• **Problem statement**: In the data below, which lines hold the word "lineweight"? Copy them.

• **Material shown**:

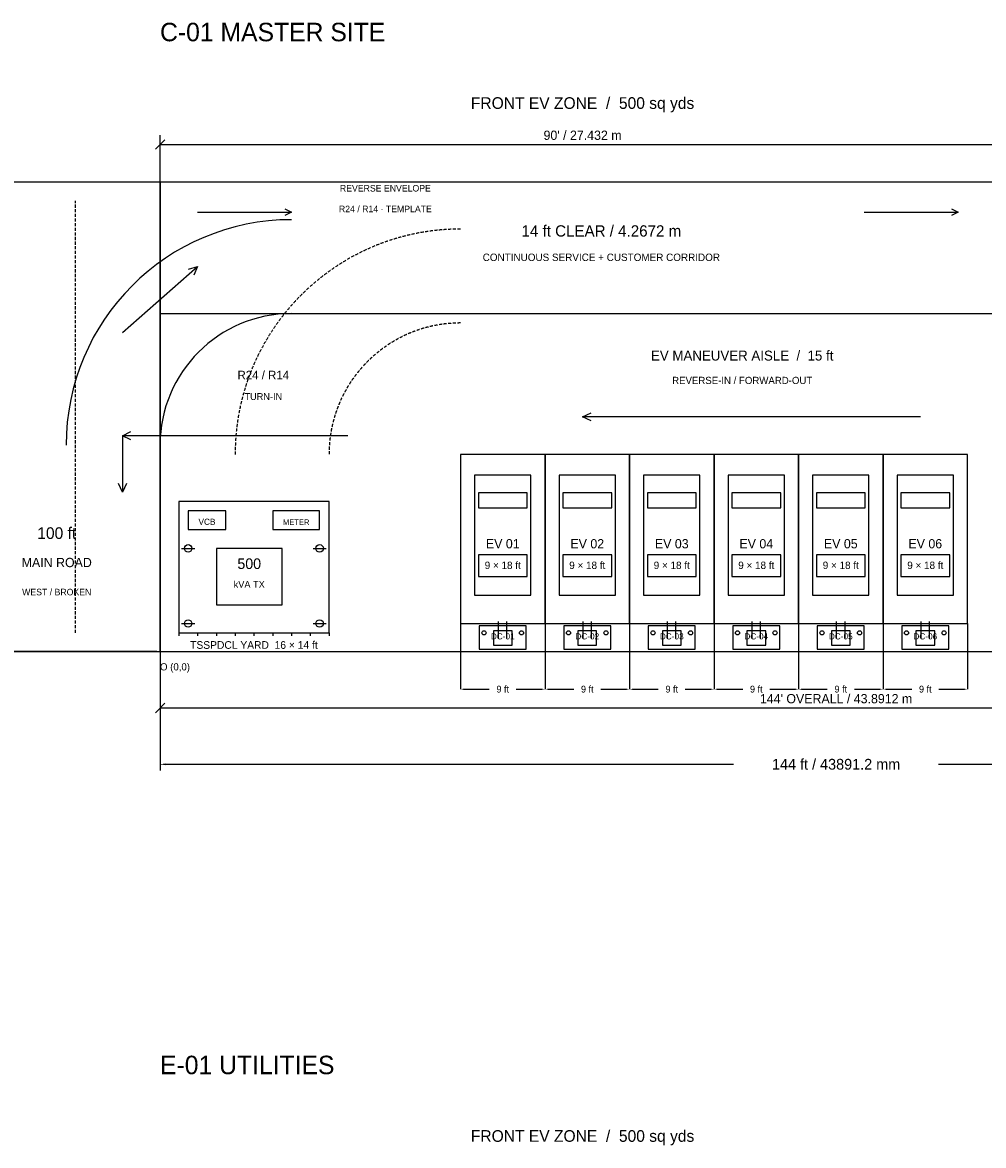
# Model space of a CAD drawing. Header units: millimetres. Extents: x -30480 to 47444, y -68489 to 20423.
# Tile 5 of 6: x -4466 to 26732, y -16031 to 20423. Entities that reach past the tile are written whole.
import ezdxf
from ezdxf.enums import TextEntityAlignment as Align

# ---------------------------------------------------------------- set-up
doc = ezdxf.new("R2010")
doc.units = ezdxf.units.MM
doc.linetypes.add('DASHED', pattern=[150, 100, -50])
for name, color, linetype, lineweight, true_color in [('DIMENSIONS', 8, 'Continuous', 25, 0x526765), ('DRIVEWAY_14FT', 4, 'Continuous', 25, 0x15796f), ('EARTHING', 3, 'Continuous', 25, 0x63825c), ('EV_BAYS', 3, 'Continuous', 25, 0x15796f), ('FURNITURE', 8, 'Continuous', 25, 0x526765), ('PLOT_BOUNDARY', 7, 'Continuous', 25, 0x183335), ('ROAD', 8, 'Continuous', 25, 0x526765), ('SWEPT_PATH_ARCS', 30, 'Continuous', 25, 0xb8562d), ('TEXT', 7, 'Continuous', 25, 0x183335), ('TSSPDCL_YARD', 30, 'Continuous', 25, 0xb8562d)]:
    doc.layers.add(name, color=color, linetype=linetype, lineweight=lineweight, true_color=true_color)
doc.dimstyles.get("Standard").update_dxf_attribs({"dimtxt": 2.5, "dimasz": 2.5, "dimexe": 1.25, "dimexo": 0.625, "dimtad": 1, "dimcen": 2.5, "dimazin": 3, "dimtfac": 1, "dimtmove": 0, "dimatfit": 3})

# ---------------------------------------------------------------- blocks, each defined once
blk = doc.blocks.new('_CLOSEDFILLED')
at = {"color": 0, "linetype": 'BYBLOCK'}
blk.add_solid([(-1, 0.16), (0, 0), (-1, -0.16)], dxfattribs=at)
blk = doc.blocks.new('*D1')
for p, q in [((0, -100), (0, -3857.6)), ((43891.2, -100), (43891.2, -3857.6)), ((180, -3657.6), (18620.6, -3657.6)), ((25270.6, -3657.6), (43711.2, -3657.6))]:
    blk.add_line(p, q)
at = {"layer": 'Defpoints'}
for p in [(0, 0), (43891.2, 0), (0, -3657.6)]:
    blk.add_point(p, dxfattribs=at)
at = {"layer": 'DIMENSIONS', "xscale": 180, "yscale": 180, "rotation": 180}
blk.add_blockref('_CLOSEDFILLED', (0, -3657.6), dxfattribs=at)
at = {"layer": 'DIMENSIONS', "xscale": 180, "yscale": 180}
blk.add_blockref('_CLOSEDFILLED', (43891.2, -3657.6), dxfattribs=at)
at = {"layer": 'DIMENSIONS', "insert": (21945.6, -3657.6), "char_height": 350, "attachment_point": 5}
blk.add_mtext('144 ft / 43891.2 mm', dxfattribs=at)
blk = doc.blocks.new('*D2')
for p, q in [((-100, 15240), (-8734.4, 15240)), ((-8534.4, 10770), (-8534.4, 15060)), ((-8534.4, 180), (-8534.4, 4470)), ((-100, 0), (-8734.4, 0))]:
    blk.add_line(p, q)
at = {"layer": 'Defpoints'}
for p in [(0, 15240), (-8534.4, 0), (0, 0)]:
    blk.add_point(p, dxfattribs=at)
at = {"layer": 'DIMENSIONS', "xscale": 180, "yscale": 180}
for p, rotation in [((-8534.4, 15240), 90), ((-8534.4, 0), 270)]:
    blk.add_blockref('_CLOSEDFILLED', p, dxfattribs=dict(at, rotation=rotation))
at = {"layer": 'DIMENSIONS', "insert": (-8534.4, 7620), "char_height": 350, "attachment_point": 5, "rotation": 90}
blk.add_mtext('50 ft / 15240.0 mm', dxfattribs=at)
blk = doc.blocks.new('*D4')
for p, q in [((9753.6, 914.4), (9753.6, -1219.2)), ((12496.8, 914.4), (12496.8, -1219.2)), ((9853.6, -1219.2), (10685.2, -1219.2)), ((11565.2, -1219.2), (12396.8, -1219.2))]:
    blk.add_line(p, q)
at = {"layer": 'Defpoints'}
for p in [(9753.6, 914.4), (12496.8, 914.4), (9753.6, -1219.2)]:
    blk.add_point(p, dxfattribs=at)
at = {"layer": 'DIMENSIONS', "xscale": 100, "yscale": 100, "rotation": 180}
blk.add_blockref('_CLOSEDFILLED', (9753.6, -1219.2), dxfattribs=at)
at = {"layer": 'DIMENSIONS', "xscale": 100, "yscale": 100}
blk.add_blockref('_CLOSEDFILLED', (12496.8, -1219.2), dxfattribs=at)
at = {"layer": 'DIMENSIONS', "insert": (11125.2, -1219.2), "char_height": 220, "attachment_point": 5}
blk.add_mtext('9 ft', dxfattribs=at)
blk = doc.blocks.new('*D5')
for p, q in [((12496.8, 914.4), (12496.8, -1219.2)), ((15240, 914.4), (15240, -1219.2)), ((12596.8, -1219.2), (13428.4, -1219.2)), ((14308.4, -1219.2), (15140, -1219.2))]:
    blk.add_line(p, q)
at = {"layer": 'Defpoints'}
for p in [(12496.8, 914.4), (15240, 914.4), (12496.8, -1219.2)]:
    blk.add_point(p, dxfattribs=at)
at = {"layer": 'DIMENSIONS', "xscale": 100, "yscale": 100, "rotation": 180}
blk.add_blockref('_CLOSEDFILLED', (12496.8, -1219.2), dxfattribs=at)
at = {"layer": 'DIMENSIONS', "xscale": 100, "yscale": 100}
blk.add_blockref('_CLOSEDFILLED', (15240, -1219.2), dxfattribs=at)
at = {"layer": 'DIMENSIONS', "insert": (13868.4, -1219.2), "char_height": 220, "attachment_point": 5}
blk.add_mtext('9 ft', dxfattribs=at)
blk = doc.blocks.new('*D6')
for p, q in [((15240, 914.4), (15240, -1219.2)), ((17983.2, 914.4), (17983.2, -1219.2)), ((15340, -1219.2), (16171.6, -1219.2)), ((17051.6, -1219.2), (17883.2, -1219.2))]:
    blk.add_line(p, q)
at = {"layer": 'Defpoints'}
for p in [(15240, 914.4), (17983.2, 914.4), (15240, -1219.2)]:
    blk.add_point(p, dxfattribs=at)
at = {"layer": 'DIMENSIONS', "xscale": 100, "yscale": 100, "rotation": 180}
blk.add_blockref('_CLOSEDFILLED', (15240, -1219.2), dxfattribs=at)
at = {"layer": 'DIMENSIONS', "xscale": 100, "yscale": 100}
blk.add_blockref('_CLOSEDFILLED', (17983.2, -1219.2), dxfattribs=at)
at = {"layer": 'DIMENSIONS', "insert": (16611.6, -1219.2), "char_height": 220, "attachment_point": 5}
blk.add_mtext('9 ft', dxfattribs=at)
blk = doc.blocks.new('*D7')
for p, q in [((17983.2, 914.4), (17983.2, -1219.2)), ((20726.4, 914.4), (20726.4, -1219.2)), ((18083.2, -1219.2), (18914.8, -1219.2)), ((19794.8, -1219.2), (20626.4, -1219.2))]:
    blk.add_line(p, q)
at = {"layer": 'Defpoints'}
for p in [(17983.2, 914.4), (20726.4, 914.4), (17983.2, -1219.2)]:
    blk.add_point(p, dxfattribs=at)
at = {"layer": 'DIMENSIONS', "xscale": 100, "yscale": 100, "rotation": 180}
blk.add_blockref('_CLOSEDFILLED', (17983.2, -1219.2), dxfattribs=at)
at = {"layer": 'DIMENSIONS', "xscale": 100, "yscale": 100}
blk.add_blockref('_CLOSEDFILLED', (20726.4, -1219.2), dxfattribs=at)
at = {"layer": 'DIMENSIONS', "insert": (19354.8, -1219.2), "char_height": 220, "attachment_point": 5}
blk.add_mtext('9 ft', dxfattribs=at)
blk = doc.blocks.new('*D8')
for p, q in [((20726.4, 914.4), (20726.4, -1219.2)), ((23469.6, 914.4), (23469.6, -1219.2)), ((20826.4, -1219.2), (21658, -1219.2)), ((22538, -1219.2), (23369.6, -1219.2))]:
    blk.add_line(p, q)
at = {"layer": 'Defpoints'}
for p in [(20726.4, 914.4), (23469.6, 914.4), (20726.4, -1219.2)]:
    blk.add_point(p, dxfattribs=at)
at = {"layer": 'DIMENSIONS', "xscale": 100, "yscale": 100, "rotation": 180}
blk.add_blockref('_CLOSEDFILLED', (20726.4, -1219.2), dxfattribs=at)
at = {"layer": 'DIMENSIONS', "xscale": 100, "yscale": 100}
blk.add_blockref('_CLOSEDFILLED', (23469.6, -1219.2), dxfattribs=at)
at = {"layer": 'DIMENSIONS', "insert": (22098, -1219.2), "char_height": 220, "attachment_point": 5}
blk.add_mtext('9 ft', dxfattribs=at)
blk = doc.blocks.new('*D9')
for p, q in [((23469.6, 914.4), (23469.6, -1219.2)), ((26212.8, 914.4), (26212.8, -1219.2)), ((23569.6, -1219.2), (24401.2, -1219.2)), ((25281.2, -1219.2), (26112.8, -1219.2))]:
    blk.add_line(p, q)
at = {"layer": 'Defpoints'}
for p in [(23469.6, 914.4), (26212.8, 914.4), (23469.6, -1219.2)]:
    blk.add_point(p, dxfattribs=at)
at = {"layer": 'DIMENSIONS', "xscale": 100, "yscale": 100, "rotation": 180}
blk.add_blockref('_CLOSEDFILLED', (23469.6, -1219.2), dxfattribs=at)
at = {"layer": 'DIMENSIONS', "xscale": 100, "yscale": 100}
blk.add_blockref('_CLOSEDFILLED', (26212.8, -1219.2), dxfattribs=at)
at = {"layer": 'DIMENSIONS', "insert": (24841.2, -1219.2), "char_height": 220, "attachment_point": 5}
blk.add_mtext('9 ft', dxfattribs=at)

msp = doc.modelspace()

# ---------------------------------------------------------------- linework, layer by layer
at = {"layer": 'DIMENSIONS'}
for p, q in [((-152.4, 16306.8), (152.4, 16611.6)), ((0, 15240), (0, 16764)), ((0, 16459.2), (27432, 16459.2)), ((0, 0), (0, -2133.6)), ((-152.4, -1981.2), (152.4, -1676.4)), ((0, -1828.8), (43891.2, -1828.8))]:
    msp.add_line(p, q, dxfattribs=at)
at = {"layer": 'DRIVEWAY_14FT'}
for p, q in [((1219.2, 14264.64), (4267.2, 14264.64)), ((22860, 14264.64), (25908, 14264.64)), ((-1219.2, 10363.2), (1219.2, 12496.8))]:
    msp.add_line(p, q, dxfattribs=at)
msp.add_lwpolyline([(0, 10972.8), (43891.2, 10972.8), (43891.2, 15240), (0, 15240)], close=True, dxfattribs=at)
for points in [[(4047.635, 14370.702), (4267.2, 14264.64), (4047.635, 14158.578)], [(25688.435, 14370.702), (25908, 14264.64), (25688.435, 14158.578)], [(925.348, 12415.844), (1219.2, 12496.8), (1099.953, 12216.295)]]:
    msp.add_lwpolyline(points, dxfattribs=at)
at = {"layer": 'EARTHING'}
for p, q in [((701.04, 3352.8), (1127.76, 3352.8)), ((4968.24, 3352.8), (5394.96, 3352.8)), ((701.04, 914.4), (1127.76, 914.4)), ((4968.24, 914.4), (5394.96, 914.4))]:
    msp.add_line(p, q, dxfattribs=at)
for centre in [(914.4, 3352.8), (5181.6, 3352.8), (914.4, 914.4), (5181.6, 914.4)]:
    msp.add_circle(centre, 121.92, dxfattribs=at)
at = {"layer": 'EV_BAYS'}
for p, q in [((24688.8, 7620), (13716, 7620)), ((6096, 7010.4), (-1219.2, 7010.4)), ((-1219.2, 7010.4), (-1219.2, 5181.6)), ((10988.04, 426.72), (10988.04, 975.36)), ((11262.36, 426.72), (11262.36, 975.36)), ((13731.24, 426.72), (13731.24, 975.36)), ((14005.56, 426.72), (14005.56, 975.36)), ((16474.44, 426.72), (16474.44, 975.36)), ((16748.76, 426.72), (16748.76, 975.36)), ((19217.64, 426.72), (19217.64, 975.36)), ((19491.96, 426.72), (19491.96, 975.36)), ((21960.84, 426.72), (21960.84, 975.36)), ((22235.16, 426.72), (22235.16, 975.36)), ((24704.04, 426.72), (24704.04, 975.36)), ((24978.36, 426.72), (24978.36, 975.36))]:
    msp.add_line(p, q, dxfattribs=at)
for points in [[(13990.456, 7487.423), (13716, 7620), (13990.456, 7752.577)], [(-944.744, 6877.823), (-1219.2, 7010.4), (-944.744, 7142.977)], [(-1086.623, 5456.056), (-1219.2, 5181.6), (-1351.777, 5456.056)]]:
    msp.add_lwpolyline(points, dxfattribs=at)
for points in [[(9753.6, 914.4), (12496.8, 914.4), (12496.8, 6400.8), (9753.6, 6400.8)], [(12496.8, 914.4), (15240, 914.4), (15240, 6400.8), (12496.8, 6400.8)], [(15240, 914.4), (17983.2, 914.4), (17983.2, 6400.8), (15240, 6400.8)], [(17983.2, 914.4), (20726.4, 914.4), (20726.4, 6400.8), (17983.2, 6400.8)], [(20726.4, 914.4), (23469.6, 914.4), (23469.6, 6400.8), (20726.4, 6400.8)], [(23469.6, 914.4), (26212.8, 914.4), (26212.8, 6400.8), (23469.6, 6400.8)], [(10363.2, 76.2), (11887.2, 76.2), (11887.2, 838.2), (10363.2, 838.2)], [(13106.4, 76.2), (14630.4, 76.2), (14630.4, 838.2), (13106.4, 838.2)], [(15849.6, 76.2), (17373.6, 76.2), (17373.6, 838.2), (15849.6, 838.2)], [(18592.8, 76.2), (20116.8, 76.2), (20116.8, 838.2), (18592.8, 838.2)], [(21336, 76.2), (22860, 76.2), (22860, 838.2), (21336, 838.2)], [(24079.2, 76.2), (25603.2, 76.2), (25603.2, 838.2), (24079.2, 838.2)], [(10820.4, 213.36), (11430, 213.36), (11430, 670.56), (10820.4, 670.56)], [(13563.6, 213.36), (14173.2, 213.36), (14173.2, 670.56), (13563.6, 670.56)], [(16306.8, 213.36), (16916.4, 213.36), (16916.4, 670.56), (16306.8, 670.56)], [(19050, 213.36), (19659.6, 213.36), (19659.6, 670.56), (19050, 670.56)], [(21793.2, 213.36), (22402.8, 213.36), (22402.8, 670.56), (21793.2, 670.56)], [(24536.4, 213.36), (25146, 213.36), (25146, 670.56), (24536.4, 670.56)]]:
    msp.add_lwpolyline(points, close=True, dxfattribs=at)
for centre in [(10515.6, 609.6), (11734.8, 609.6), (13258.8, 609.6), (14478, 609.6), (16002, 609.6), (17221.2, 609.6), (18745.2, 609.6), (19964.4, 609.6), (21488.4, 609.6), (22707.6, 609.6), (24231.6, 609.6), (25450.8, 609.6)]:
    msp.add_circle(centre, 67.056, dxfattribs=at)
at = {"layer": 'FURNITURE'}
for points in [[(10210.8, 1828.8), (12039.6, 1828.8), (12039.6, 5730.24), (10210.8, 5730.24)], [(12954, 1828.8), (14782.8, 1828.8), (14782.8, 5730.24), (12954, 5730.24)], [(15697.2, 1828.8), (17526, 1828.8), (17526, 5730.24), (15697.2, 5730.24)], [(18440.4, 1828.8), (20269.2, 1828.8), (20269.2, 5730.24), (18440.4, 5730.24)], [(21183.6, 1828.8), (23012.4, 1828.8), (23012.4, 5730.24), (21183.6, 5730.24)], [(23926.8, 1828.8), (25755.6, 1828.8), (25755.6, 5730.24), (23926.8, 5730.24)], [(10332.72, 4663.44), (11917.68, 4663.44), (11917.68, 5151.12), (10332.72, 5151.12)], [(13075.92, 4663.44), (14660.88, 4663.44), (14660.88, 5151.12), (13075.92, 5151.12)], [(15819.12, 4663.44), (17404.08, 4663.44), (17404.08, 5151.12), (15819.12, 5151.12)], [(18562.32, 4663.44), (20147.28, 4663.44), (20147.28, 5151.12), (18562.32, 5151.12)], [(21305.52, 4663.44), (22890.48, 4663.44), (22890.48, 5151.12), (21305.52, 5151.12)], [(24048.72, 4663.44), (25633.68, 4663.44), (25633.68, 5151.12), (24048.72, 5151.12)], [(10332.72, 2438.4), (11917.68, 2438.4), (11917.68, 3139.44), (10332.72, 3139.44)], [(13075.92, 2438.4), (14660.88, 2438.4), (14660.88, 3139.44), (13075.92, 3139.44)], [(15819.12, 2438.4), (17404.08, 2438.4), (17404.08, 3139.44), (15819.12, 3139.44)], [(18562.32, 2438.4), (20147.28, 2438.4), (20147.28, 3139.44), (18562.32, 3139.44)], [(21305.52, 2438.4), (22890.48, 2438.4), (22890.48, 3139.44), (21305.52, 3139.44)], [(24048.72, 2438.4), (25633.68, 2438.4), (25633.68, 3139.44), (24048.72, 3139.44)]]:
    msp.add_lwpolyline(points, close=True, dxfattribs=at)
at = {"layer": 'PLOT_BOUNDARY'}
msp.add_lwpolyline([(0, 0), (43891.2, 0), (43891.2, 15240), (0, 15240)], close=True, dxfattribs=at)
at = {"layer": 'ROAD', "linetype": 'DASHED'}
msp.add_line((-2743.2, 609.6), (-2743.2, 14630.4), dxfattribs=at)
at = {"layer": 'ROAD'}
for points in [[(-30480, 0), (0, 0), (0, 15240), (-30480, 15240)], [(-6705.6, 0), (0, 0), (0, 15240), (-6705.6, 15240)]]:
    msp.add_lwpolyline(points, close=True, dxfattribs=at)
at = {"layer": 'SWEPT_PATH_ARCS'}
for radius in [7315.2, 4267.2]:
    msp.add_arc((4267.2, 6705.6), radius, 90, 180, dxfattribs=at)
at = {"layer": 'SWEPT_PATH_ARCS', "linetype": 'DASHED'}
for radius in [7315.2, 4267.2]:
    msp.add_arc((9753.6, 6400.8), radius, 90, 180, dxfattribs=at)
at = {"layer": 'TSSPDCL_YARD'}
for p, q in [((609.6, 609.6), (609.6, 518.16)), ((1219.2, 609.6), (1219.2, 518.16)), ((1828.8, 609.6), (1828.8, 518.16)), ((2438.4, 609.6), (2438.4, 518.16)), ((3048, 609.6), (3048, 518.16)), ((3657.6, 609.6), (3657.6, 518.16)), ((4267.2, 609.6), (4267.2, 518.16)), ((4876.8, 609.6), (4876.8, 518.16)), ((5486.4, 609.6), (5486.4, 518.16))]:
    msp.add_line(p, q, dxfattribs=at)
for points in [[(609.6, 609.6), (5486.4, 609.6), (5486.4, 4876.8), (609.6, 4876.8)], [(914.4, 3962.4), (2133.6, 3962.4), (2133.6, 4572), (914.4, 4572)], [(3657.6, 3962.4), (5181.6, 3962.4), (5181.6, 4572), (3657.6, 4572)], [(1828.8, 1524), (3962.4, 1524), (3962.4, 3352.8), (1828.8, 3352.8)]]:
    msp.add_lwpolyline(points, close=True, dxfattribs=at)

# ---------------------------------------------------------------- texts
at = {"layer": 'DIMENSIONS'}
for s, p in [("90' / 27.432 m", (13716, 16611.6)), ("144' OVERALL / 43.8912 m", (21945.6, -1676.4))]:
    msp.add_text(s, height=300.3804, dxfattribs=at).set_placement(p, align=Align.CENTER)
msp.add_text('O (0,0)', height=233.6292, dxfattribs=at).set_placement((0, -609.6))
at = {"layer": 'DRIVEWAY_14FT'}
for s, height, p in [('14 ft CLEAR / 4.2672 m', 367.1316, (14325.6, 13472.16)), ('CONTINUOUS SERVICE + CUSTOMER CORRIDOR', 240.30432, (14325.6, 12679.68))]:
    msp.add_text(s, height=height, dxfattribs=at).set_placement(p, align=Align.CENTER)
at = {"layer": 'EV_BAYS'}
for s, height, p in [('EV MANEUVER AISLE  /  15 ft', 322.6308, (18897.6, 9448.8)), ('REVERSE-IN / FORWARD-OUT', 233.6292, (18897.6, 8686.8)), ('EV 01', 300.3804, (11125.2, 3352.8)), ('EV 02', 300.3804, (13868.4, 3352.8)), ('EV 03', 300.3804, (16611.6, 3352.8)), ('EV 04', 300.3804, (19354.8, 3352.8)), ('EV 05', 300.3804, (22098, 3352.8)), ('EV 06', 300.3804, (24841.2, 3352.8)), ('9 × 18 ft', 240.3043, (11125.2, 2682.24)), ('9 × 18 ft', 240.3043, (13868.4, 2682.24)), ('9 × 18 ft', 240.3043, (16611.6, 2682.24)), ('9 × 18 ft', 240.3043, (19354.8, 2682.24)), ('9 × 18 ft', 240.3043, (22098, 2682.24)), ('9 × 18 ft', 240.3043, (24841.2, 2682.24)), ('DC-01', 200.2536, (11125.2, 396.24)), ('DC-02', 200.2536, (13868.4, 396.24)), ('DC-03', 200.2536, (16611.6, 396.24)), ('DC-04', 200.2536, (19354.8, 396.24)), ('DC-05', 200.2536, (22098, 396.24)), ('DC-06', 200.2536, (24841.2, 396.24))]:
    msp.add_text(s, height=height, dxfattribs=at).set_placement(p, align=Align.CENTER)
at = {"layer": 'ROAD'}
for s, height, p in [('100 ft', 378.2568, (-3352.8, 3657.6)), ('MAIN ROAD', 300.3804, (-3352.8, 2743.2)), ('WEST / BROKEN', 211.3788, (-3352.8, 1828.8))]:
    msp.add_text(s, height=height, dxfattribs=at).set_placement(p, align=Align.CENTER)
at = {"layer": 'SWEPT_PATH_ARCS'}
for s, height, p in [('REVERSE ENVELOPE', 211.3788, (7315.2, 14935.2)), ('R24 / R14 · TEMPLATE', 211.3788, (7315.2, 14264.64)), ('R24 / R14', 278.13, (3352.8, 8839.2)), ('TURN-IN', 222.504, (3352.8, 8168.64))]:
    msp.add_text(s, height=height, dxfattribs=at).set_placement(p, align=Align.CENTER)
at = {"layer": 'TEXT'}
for s, p in [('C-01 MASTER SITE', (0, 19812)), ('E-01 UTILITIES', (0, -13716))]:
    msp.add_text(s, height=600, dxfattribs=at).set_placement(p)
for s, height, p in [('FRONT EV ZONE  /  500 sq yds', 378.2568, (13716, 17617.44)), ('VCB', 200.2536, (1524, 4114.8)), ('METER', 178.0032, (4419.6, 4114.8)), ('FRONT EV ZONE  /  500 sq yds', 378.2568, (13716, -15910.56))]:
    msp.add_text(s, height=height, dxfattribs=at).set_placement(p, align=Align.CENTER)
at = {"layer": 'TSSPDCL_YARD'}
for s, height, p in [('500', 344.8812, (2895.6, 2682.24)), ('kVA TX', 222.504, (2895.6, 2072.64)), ('TSSPDCL YARD  16 × 14 ft', 249.20448, (3048, 91.44))]:
    msp.add_text(s, height=height, dxfattribs=at).set_placement(p, align=Align.CENTER)

# ---------------------------------------------------------------- dimensions: what is measured, and where the dimension line sits
at = {"layer": 'DIMENSIONS'}
dim = msp.add_linear_dim(base=(-8534.4, 0), p1=(0, 0), p2=(0, 15240), angle=90, text='50 ft / 15240.0 mm', dimstyle='Standard', override={"dimtxt": 350, "dimasz": 180, "dimexe": 200, "dimexo": 100}, dxfattribs=at)
dim.commit()
dim.dimension.update_dxf_attribs({"geometry": '*D2', "text_midpoint": (-8534.4, 7620)})
for base, p1, p2, text, override, picture, middle in [((9753.6, -1219.2), (9753.6, 914.4), (12496.8, 914.4), '9 ft', {"dimtxt": 220, "dimasz": 100}, '*D4', (11125.2, -1219.2)), ((12496.8, -1219.2), (12496.8, 914.4), (15240, 914.4), '9 ft', {"dimtxt": 220, "dimasz": 100}, '*D5', (13868.4, -1219.2)), ((15240, -1219.2), (15240, 914.4), (17983.2, 914.4), '9 ft', {"dimtxt": 220, "dimasz": 100}, '*D6', (16611.6, -1219.2)), ((17983.2, -1219.2), (17983.2, 914.4), (20726.4, 914.4), '9 ft', {"dimtxt": 220, "dimasz": 100}, '*D7', (19354.8, -1219.2)), ((20726.4, -1219.2), (20726.4, 914.4), (23469.6, 914.4), '9 ft', {"dimtxt": 220, "dimasz": 100}, '*D8', (22098, -1219.2)), ((23469.6, -1219.2), (23469.6, 914.4), (26212.8, 914.4), '9 ft', {"dimtxt": 220, "dimasz": 100}, '*D9', (24841.2, -1219.2)), ((0, -3657.6), (0, 0), (43891.2, 0), '144 ft / 43891.2 mm', {"dimtxt": 350, "dimasz": 180, "dimexe": 200, "dimexo": 100}, '*D1', (21945.6, -3657.6))]:
    dim = msp.add_linear_dim(base=base, p1=p1, p2=p2, text=text, dimstyle='Standard', override=override, dxfattribs=at)
    dim.commit()
    dim.dimension.update_dxf_attribs({"geometry": picture, "text_midpoint": middle})

doc.saveas('drawing.dxf')

• **Task response**:
for name, color, linetype, lineweight, true_color in [('DIMENSIONS', 8, 'Continuous', 25, 0x526765), ('DRIVEWAY_14FT', 4, 'Continuous', 25, 0x15796f), ('EARTHING', 3, 'Continuous', 25, 0x63825c), ('EV_BAYS', 3, 'Continuous', 25, 0x15796f), ('FURNITURE', 8, 'Continuous', 25, 0x526765), ('PLOT_BOUNDARY', 7, 'Continuous', 25, 0x183335), ('ROAD', 8, 'Continuous', 25, 0x526765), ('SWEPT_PATH_ARCS', 30, 'Continuous', 25, 0xb8562d), ('TEXT', 7, 'Continuous', 25, 0x183335), ('TSSPDCL_YARD', 30, 'Continuous', 25, 0xb8562d)]:
    doc.layers.add(name, color=color, linetype=linetype, lineweight=lineweight, true_color=true_color)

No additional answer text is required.